Court: Providers May Charge Third Parties More for PHI; OCR Guidance Not Based on Rule

Providers are now free to charge law firms, life insurance companies and other third parties more money than they charge patients for protected health information under HIPAA and the Health Information Technology for Economic and Clinical Health (HITECH) Act[1] in the wake of a Jan. 23 decision[2] from the U.S District Court for the District of Columbia. In Ciox Health, LLC vs. Azar, et al., the court voided the third-party directive in 2016 guidance from the HHS Office for Civil Rights (OCR) as well as a provision from the 2013 Omnibus Rule that interpreted the HITECH Act. The provision required covered entities to deliver protected health information (PHI) in all formats, electronic and otherwise, to third parties at a patient’s request, but the court ruled that HHS strayed too far from the statute.

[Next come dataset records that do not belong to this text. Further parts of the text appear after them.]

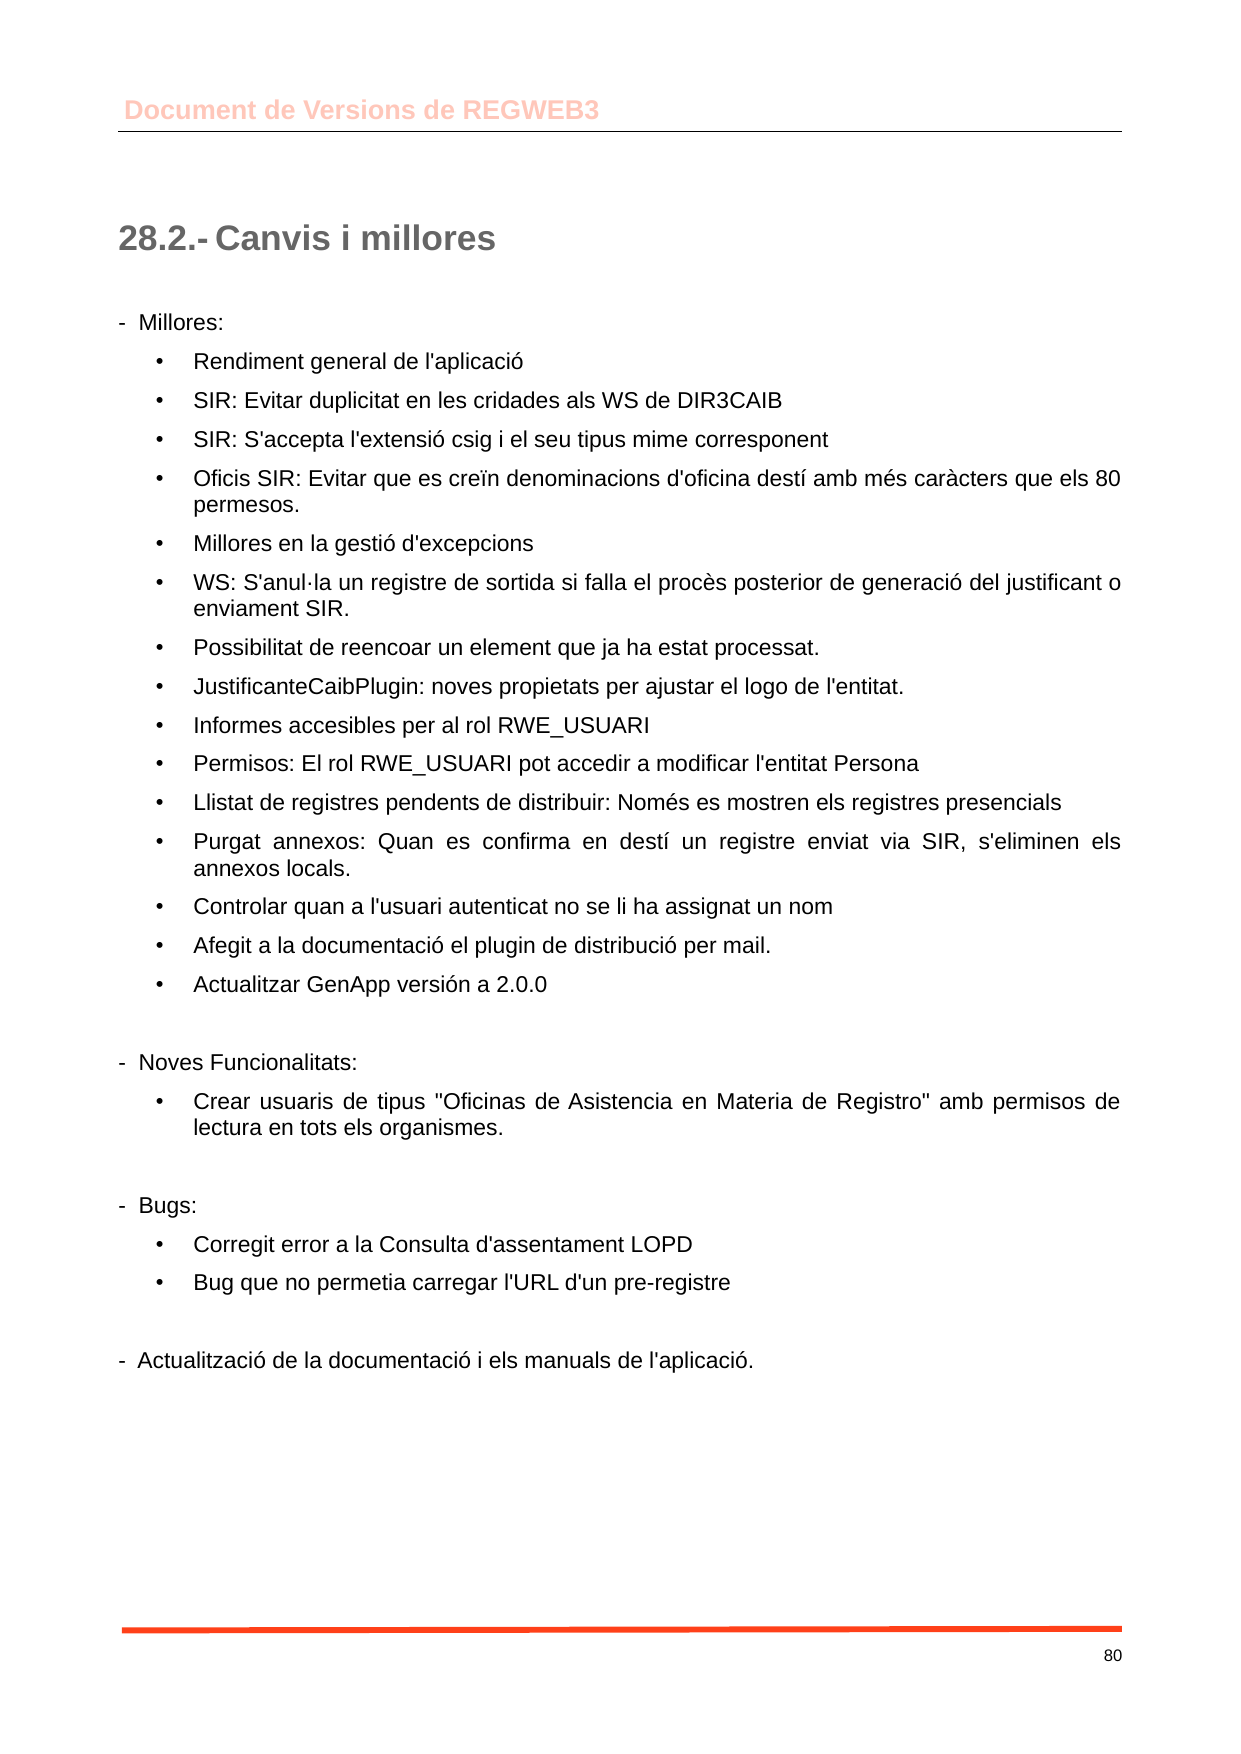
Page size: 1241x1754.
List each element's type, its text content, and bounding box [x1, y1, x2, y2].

list Crear usuaris de tipus "Oficinas de Asistencia en Materia de Registro" amb permisos de lectura en tots els organismes. [156, 1088, 1122, 1140]
list Informes accesibles per al rol RWE_USUARI [156, 712, 1122, 738]
subtitle Canvis i millores [118, 217, 1122, 258]
list Controlar quan a l'usuari autenticat no se li ha assignat un nom [156, 893, 1122, 920]
list Llistat de registres pendents de distribuir: Només es mostren els registres presencials [156, 789, 1122, 816]
text - Bugs: [118, 1192, 1122, 1218]
list SIR: S'accepta l'extensió csig i el seu tipus mime corresponent [156, 426, 1122, 452]
list Millores en la gestió d'excepcions [156, 530, 1122, 556]
list Bug que no permetia carregar l'URL d'un pre-registre [156, 1269, 1122, 1296]
text - Actualització de la documentació i els manuals de l'aplicació. [118, 1347, 1122, 1373]
list Permisos: El rol RWE_USUARI pot accedir a modificar l'entitat Persona [156, 750, 1122, 777]
list Possibilitat de reencoar un element que ja ha estat processat. [156, 634, 1122, 660]
list Purgat annexos: Quan es confirma en destí un registre enviat via SIR, s'eliminen els annexos locals. [156, 828, 1122, 881]
list Corregit error a la Consulta d'assentament LOPD [156, 1231, 1122, 1257]
list Rendiment general de l'aplicació [156, 348, 1122, 374]
list JustificanteCaibPlugin: noves propietats per ajustar el logo de l'entitat. [156, 673, 1122, 699]
text - Millores: [118, 309, 1122, 336]
list Afegit a la documentació el plugin de distribució per mail. [156, 932, 1122, 958]
list SIR: Evitar duplicitat en les cridades als WS de DIR3CAIB [156, 387, 1122, 413]
list Actualitzar GenApp versión a 2.0.0 [156, 971, 1122, 997]
list Oficis SIR: Evitar que es creïn denominacions d'oficina destí amb més caràcters que els 80 permesos. [156, 464, 1122, 517]
list WS: S'anul·la un registre de sortida si falla el procès posterior de generació del justificant o enviament SIR. [156, 569, 1122, 621]
text - Noves Funcionalitats: [118, 1049, 1122, 1075]
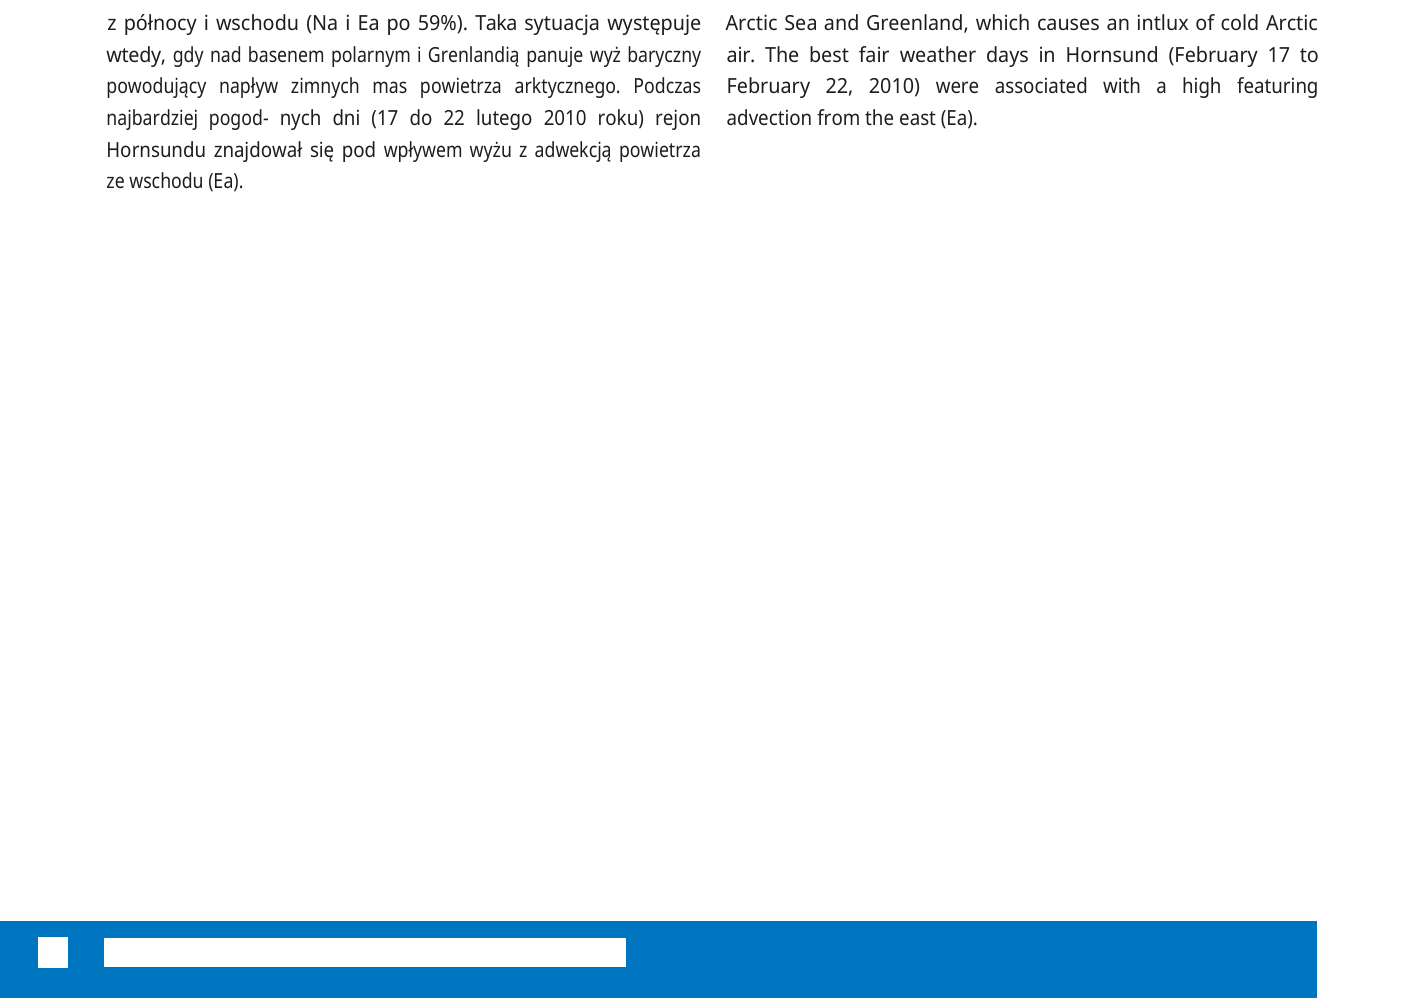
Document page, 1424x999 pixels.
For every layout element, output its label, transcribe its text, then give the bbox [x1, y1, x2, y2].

text z północy i wschodu (Na i Ea po 59%). Taka sytuacja występuje wtedy, gdy nad basenem polarnym i Grenlandią panuje wyż baryczny powodujący napływ zimnych mas powietrza arktycznego. Podczas najbardziej pogod- nych dni (17 do 22 lutego 2010 roku) rejon Hornsundu znajdował się pod wpływem wyżu z adwekcją powietrza ze wschodu (Ea). [106, 8, 702, 195]
text Arctic Sea and Greenland, which causes an intlux of cold Arctic air. The best fair weather days in Hornsund (February 17 to February 22, 2010) were associated with a high featuring advection from the east (Ea). [725, 8, 1319, 132]

“Returning to charging higher rates to third parties is now an option” if it’s allowed by state law, said Richelle Marting, an attorney in Overland Park, Kansas. Providers are not obligated to change their rates, and an HHS appeal may be on the horizon, she said.

The court decision resolves, for now, a battle between Ciox Health, a medical records release company, and OCR over how much money covered entities (e.g., hospitals) and their business associates can charge patients and third parties for medical records, and again pushed back at the enforcement of guidance that isn’t rooted in notice-and-comment rulemaking. OCR emphasized in a statement that the right of patients to access their own records and limits on associated charges remain “undisturbed.”